**Information provided**
# # # # #
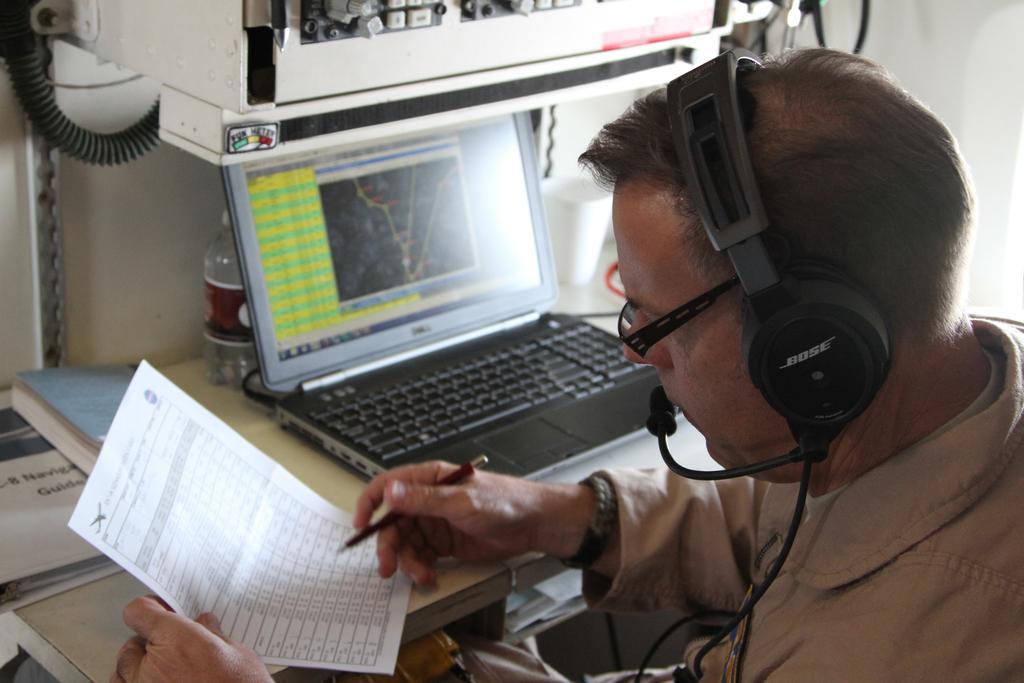In one or two sentences, can you explain what this image depicts? In the picture we can see a man sitting near the table holding a pen and a paper and he is wearing a headset and in front of him we can see the desk with a laptop on it which is opened and on the top of it we can see some machinery object and beside the laptop we can see a water bottle and a book. 
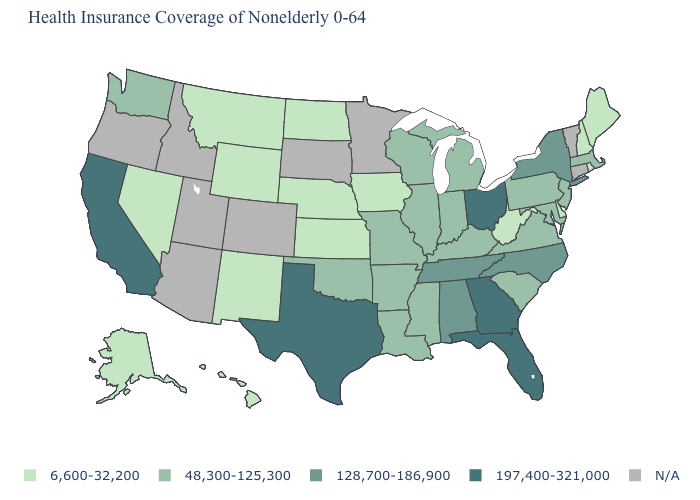What is the value of Texas?
Concise answer only. 197,400-321,000. What is the highest value in the MidWest ?
Give a very brief answer. 197,400-321,000. What is the value of Maine?
Concise answer only. 6,600-32,200. What is the value of Connecticut?
Write a very short answer. N/A. What is the value of West Virginia?
Write a very short answer. 6,600-32,200. What is the value of Louisiana?
Quick response, please. 48,300-125,300. Name the states that have a value in the range 6,600-32,200?
Answer briefly. Alaska, Delaware, Hawaii, Iowa, Kansas, Maine, Montana, Nebraska, Nevada, New Hampshire, New Mexico, North Dakota, Rhode Island, West Virginia, Wyoming. What is the value of Oklahoma?
Keep it brief. 48,300-125,300. Is the legend a continuous bar?
Quick response, please. No. Among the states that border New Mexico , does Oklahoma have the highest value?
Give a very brief answer. No. Name the states that have a value in the range 197,400-321,000?
Keep it brief. California, Florida, Georgia, Ohio, Texas. Does Rhode Island have the highest value in the USA?
Short answer required. No. What is the value of Idaho?
Concise answer only. N/A.
# # # # #
Your answer must be an exact repeat of the records above, with no pictures in it.

In one or two sentences, can you explain what this image depicts? In the picture we can see a man sitting near the table holding a pen and a paper and he is wearing a headset and in front of him we can see the desk with a laptop on it which is opened and on the top of it we can see some machinery object and beside the laptop we can see a water bottle and a book. 
What is the value of Texas?
Concise answer only. 197,400-321,000. What is the highest value in the MidWest ?
Give a very brief answer. 197,400-321,000. What is the value of Maine?
Concise answer only. 6,600-32,200. What is the value of Connecticut?
Write a very short answer. N/A. What is the value of West Virginia?
Write a very short answer. 6,600-32,200. What is the value of Louisiana?
Quick response, please. 48,300-125,300. Name the states that have a value in the range 6,600-32,200?
Answer briefly. Alaska, Delaware, Hawaii, Iowa, Kansas, Maine, Montana, Nebraska, Nevada, New Hampshire, New Mexico, North Dakota, Rhode Island, West Virginia, Wyoming. What is the value of Oklahoma?
Keep it brief. 48,300-125,300. Is the legend a continuous bar?
Quick response, please. No. Among the states that border New Mexico , does Oklahoma have the highest value?
Give a very brief answer. No. Name the states that have a value in the range 197,400-321,000?
Keep it brief. California, Florida, Georgia, Ohio, Texas. Does Rhode Island have the highest value in the USA?
Short answer required. No. What is the value of Idaho?
Concise answer only. N/A.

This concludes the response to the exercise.